This is a nice short and pleasingly informal summary of the latest work on predictions of loss of summer sea ice in the Arctic, published in GRL. The paper is perhaps more useful as an up-to-date literature review than an analysis paper, which is perhaps a kinder way of saying what Stoat says.
The paper points to three main methods of prediction: 1) extrapolation of sea ice volume data by the Trendsetters, 2) assuming a future that includes loss events like those seen recently by the Stochasters, and 3) projections using GCMs by the Modelers. The paper suggests that the central estimates of these three methods for a nearly ice free summer Arctic are 2020, 2030, and 2040 respectively: worryingly different from the estimate of 2070 made by the IPCC AR4 just a few years ago. They support the conclusion that “society should start managing for the reality of climate change in the Arctic”. In short No one is predicting a recovery of summer ice.
The authors conclude that it is currently impossible to choose between the methods, as all have their strengths and weaknesses. They call for particularly for improved modeling and modeling approaches. They seem to prefer model intercomparison projects to “results provided from a large number of modeling centers produced under short time schedules” (I’m inclined to agree), and make it clear that CMIP5 models are unlikely to be adequate to accurately predict the onset of ice-free summers.

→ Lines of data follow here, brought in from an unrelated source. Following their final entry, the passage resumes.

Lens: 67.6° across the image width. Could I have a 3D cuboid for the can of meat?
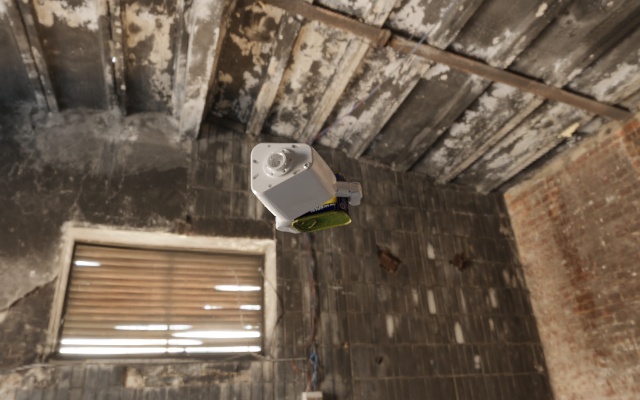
[{"bbox_3d":[0.000,0.002,0.852,0.102,0.084,0.057,-13,-27,18],"label":"can of meat"}]
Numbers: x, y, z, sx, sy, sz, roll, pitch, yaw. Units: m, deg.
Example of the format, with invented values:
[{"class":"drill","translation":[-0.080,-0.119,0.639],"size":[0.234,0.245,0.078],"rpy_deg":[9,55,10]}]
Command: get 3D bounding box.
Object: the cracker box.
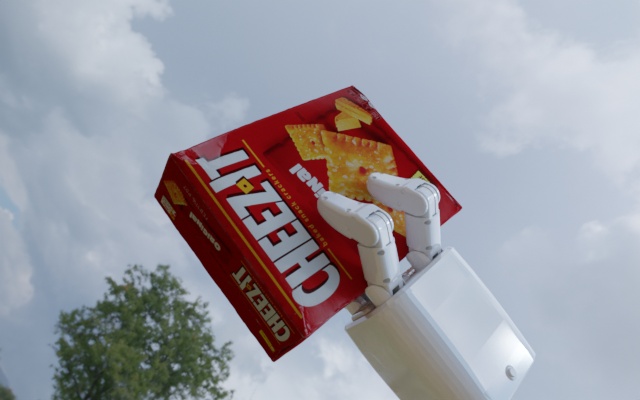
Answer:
[{"class":"cracker box","translation":[0.000,0.001,0.410],"size":[0.213,0.164,0.072],"rpy_deg":[-30,-13,-40]}]
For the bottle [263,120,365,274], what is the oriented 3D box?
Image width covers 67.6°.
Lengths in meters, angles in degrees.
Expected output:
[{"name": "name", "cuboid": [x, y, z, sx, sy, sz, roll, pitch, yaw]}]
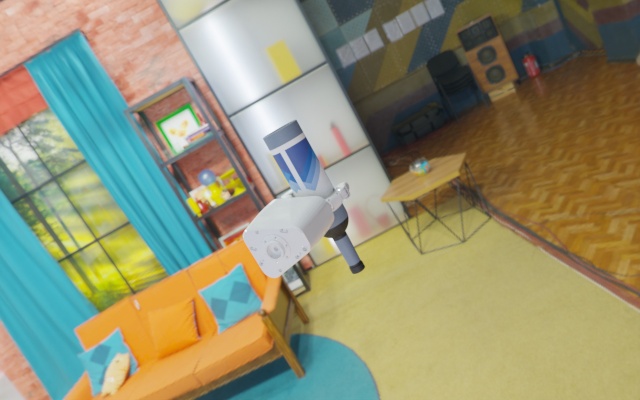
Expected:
[{"name": "bottle", "cuboid": [0.000, 0.003, 0.847, 0.069, 0.296, 0.069, -28, 13, 7]}]
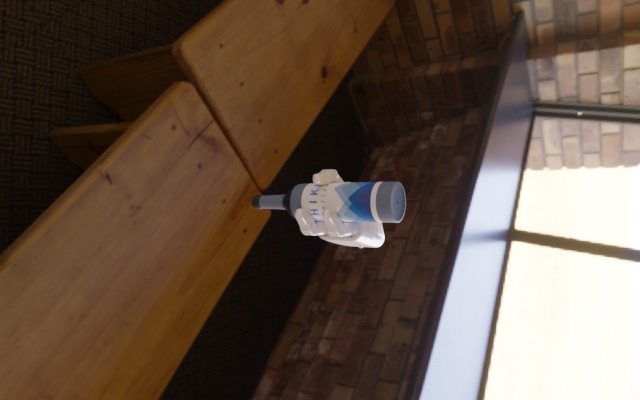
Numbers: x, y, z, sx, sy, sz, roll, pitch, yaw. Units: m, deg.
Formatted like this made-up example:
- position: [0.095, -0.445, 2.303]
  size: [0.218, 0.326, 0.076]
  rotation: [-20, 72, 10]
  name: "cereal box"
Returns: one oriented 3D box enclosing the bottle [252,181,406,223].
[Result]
- position: [0.000, 0.003, 0.845]
  size: [0.295, 0.069, 0.069]
  rotation: [0, 0, 32]
  name: "bottle"
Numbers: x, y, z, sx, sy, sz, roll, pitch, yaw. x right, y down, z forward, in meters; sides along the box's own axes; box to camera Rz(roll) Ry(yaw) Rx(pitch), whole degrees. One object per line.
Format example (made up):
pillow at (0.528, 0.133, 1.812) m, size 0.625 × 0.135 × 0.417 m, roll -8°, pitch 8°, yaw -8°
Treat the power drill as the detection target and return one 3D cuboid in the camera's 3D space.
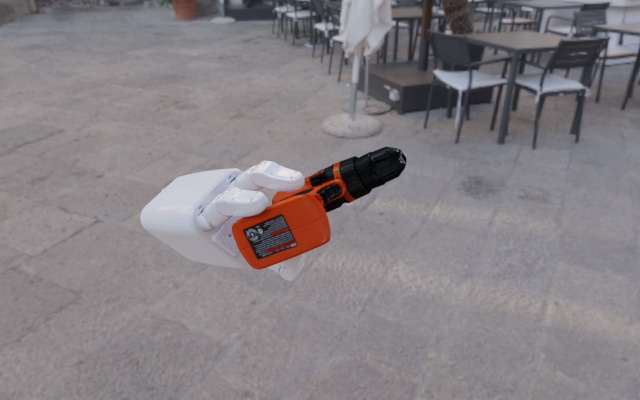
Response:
power drill at (0.000, 0.002, 0.536) m, size 0.184 × 0.057 × 0.187 m, roll -24°, pitch 7°, yaw 24°
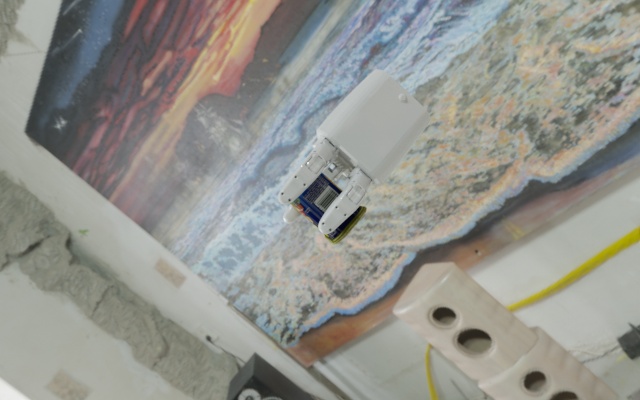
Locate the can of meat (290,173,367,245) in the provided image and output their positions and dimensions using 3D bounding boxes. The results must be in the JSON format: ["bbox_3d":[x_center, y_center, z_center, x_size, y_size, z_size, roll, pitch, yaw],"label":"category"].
[{"bbox_3d":[0.000,0.002,0.578,0.084,0.057,0.102,42,-4,-7],"label":"can of meat"}]

There are some nice sections in the paper – one neatly describes the difficulty of comparing model simulations with observational data, and offers a partial solution:
Global climate models (GCMs) are often run several times, referred to as ensemble members, with slightly different initial conditions to simulate a possible range of natural variability in addition to steady increasing greenhouse gas forcing. Data, in contrast, are a single realization of a range of possible climate states. Observations confound signal (global warming forcing) and noise (natural variability). Thus, it is not completely valid to compare the ensemble mean of a model or several models, which could be considered the expected value of the climate state, with the single data realization. A better approach is to look at the range of ensemble members and to determine if the data time series could be considered a possible member of the population of ensemble members. Unfortunately, there are seldom enough ensemble members to test this hypothesis.
It is also worth checking out section 4, which starts to get at the relationship between model discrepancy (bias, deficiencies) and future model behaviour. The paper is short and useful enough that I don’t worry that there don’t appear to be new results in it.
Overland, J. E., and M. Wang (2013), When will the summer Arctic be nearly sea ice free?, Geophys. Res. Lett., 40, doi:10.1002/grl.50316.